Records from a collection:
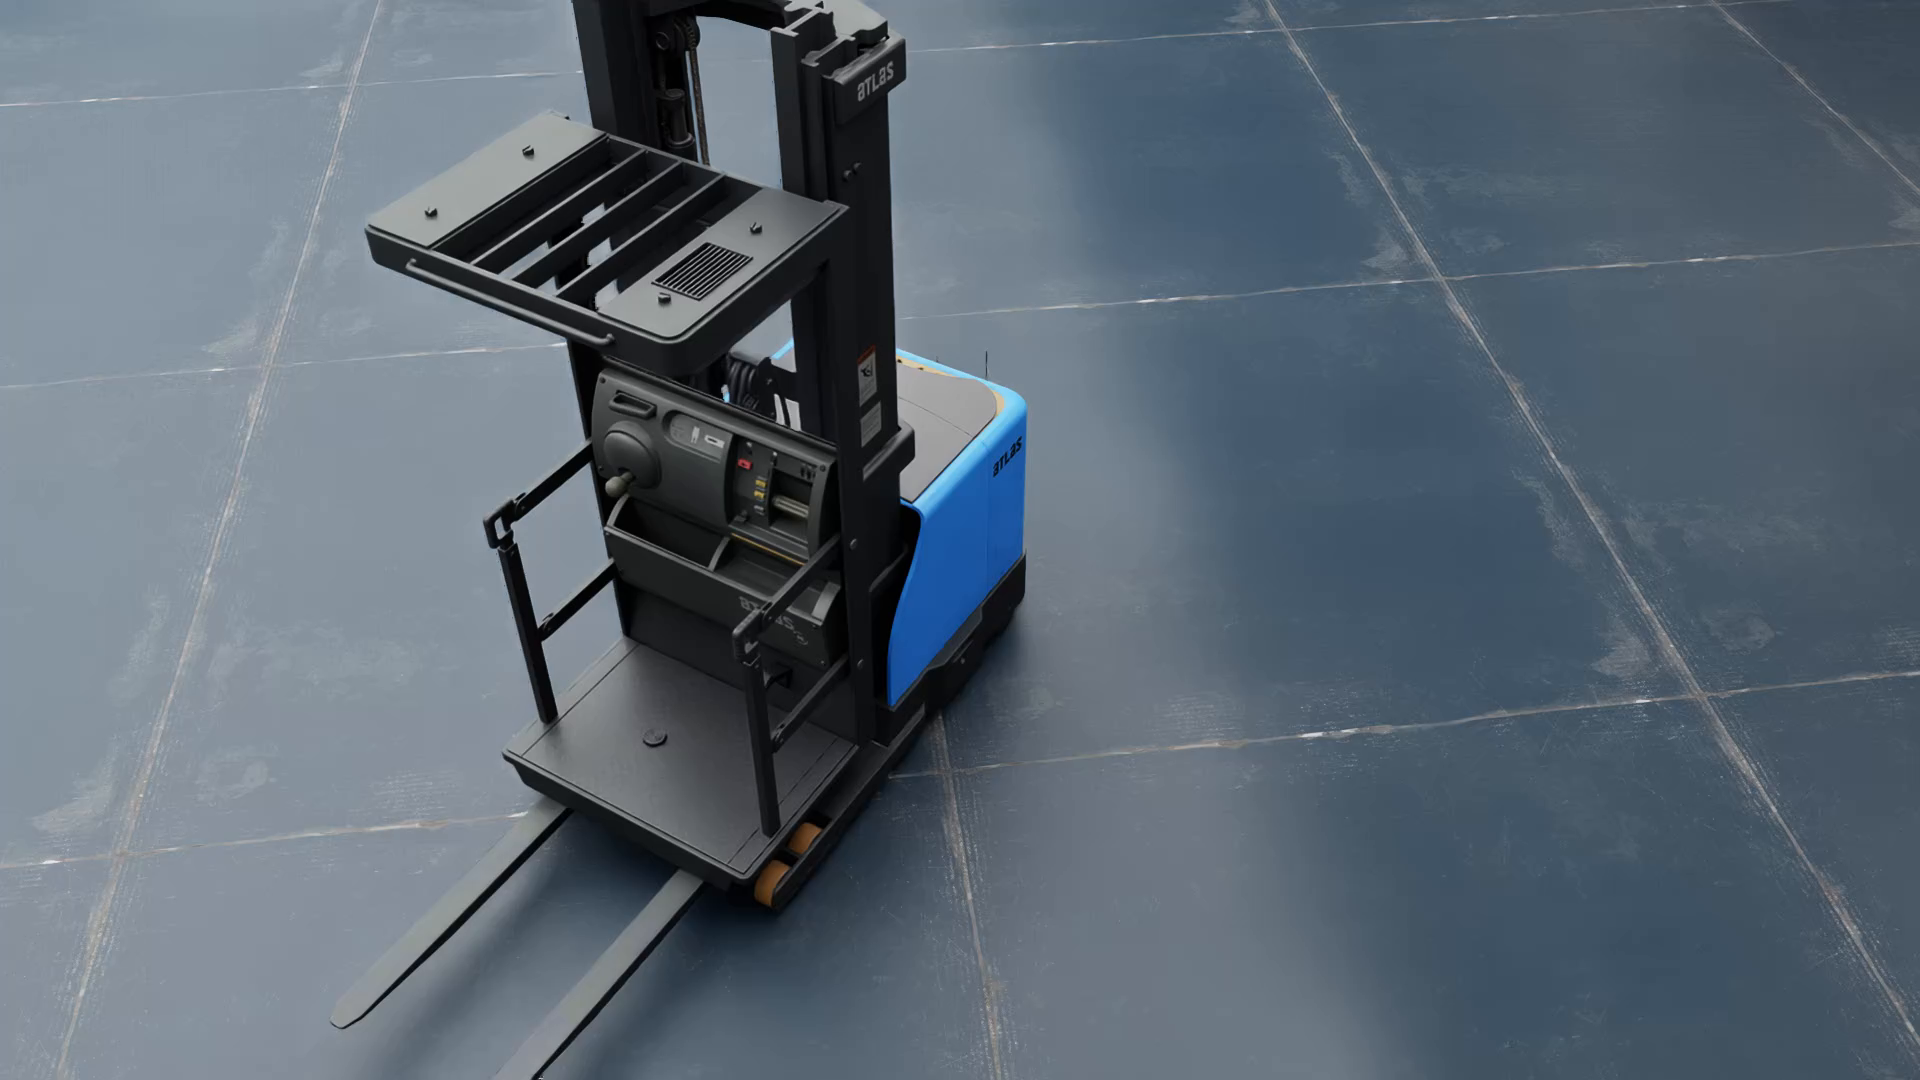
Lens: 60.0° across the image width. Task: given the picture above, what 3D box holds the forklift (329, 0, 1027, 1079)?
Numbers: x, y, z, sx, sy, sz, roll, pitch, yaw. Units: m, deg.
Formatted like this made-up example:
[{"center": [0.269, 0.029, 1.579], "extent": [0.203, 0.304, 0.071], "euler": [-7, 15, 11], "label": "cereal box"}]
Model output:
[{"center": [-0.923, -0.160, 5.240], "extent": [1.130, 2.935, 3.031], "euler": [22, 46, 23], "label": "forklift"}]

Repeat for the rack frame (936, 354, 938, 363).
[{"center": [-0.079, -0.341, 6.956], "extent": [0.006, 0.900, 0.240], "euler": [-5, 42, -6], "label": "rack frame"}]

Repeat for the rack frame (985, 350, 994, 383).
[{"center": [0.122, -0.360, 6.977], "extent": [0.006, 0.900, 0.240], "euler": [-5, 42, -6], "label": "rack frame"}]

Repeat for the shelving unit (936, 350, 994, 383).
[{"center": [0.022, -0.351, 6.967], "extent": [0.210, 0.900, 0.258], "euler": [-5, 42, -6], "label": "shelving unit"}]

* * *

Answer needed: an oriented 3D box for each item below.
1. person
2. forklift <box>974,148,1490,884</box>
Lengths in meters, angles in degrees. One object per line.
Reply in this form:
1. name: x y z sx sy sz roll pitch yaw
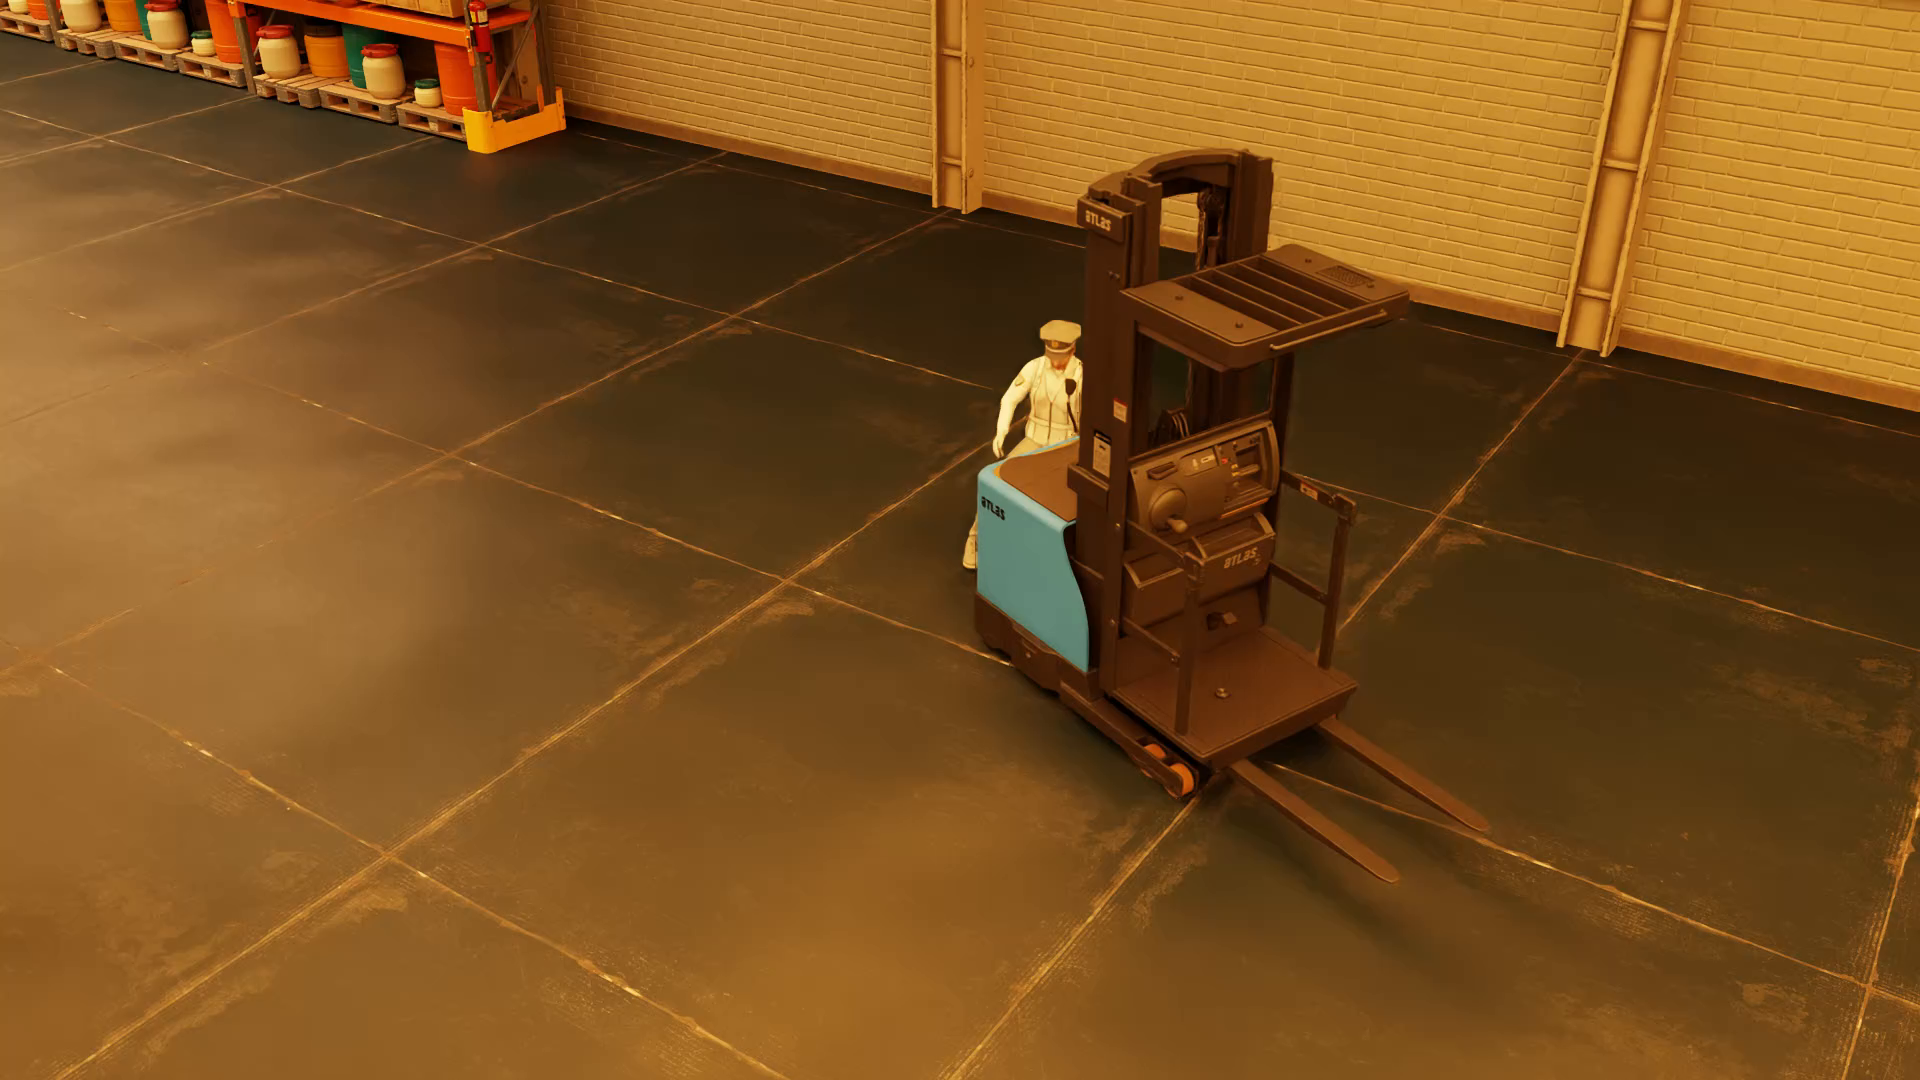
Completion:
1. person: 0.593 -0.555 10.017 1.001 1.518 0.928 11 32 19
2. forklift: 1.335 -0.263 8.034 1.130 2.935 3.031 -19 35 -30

### What needs to be done:
Report each line of the data in which "this" occurs.

### Exercise answer:
Formatted like this made-up example:
Reply in this form:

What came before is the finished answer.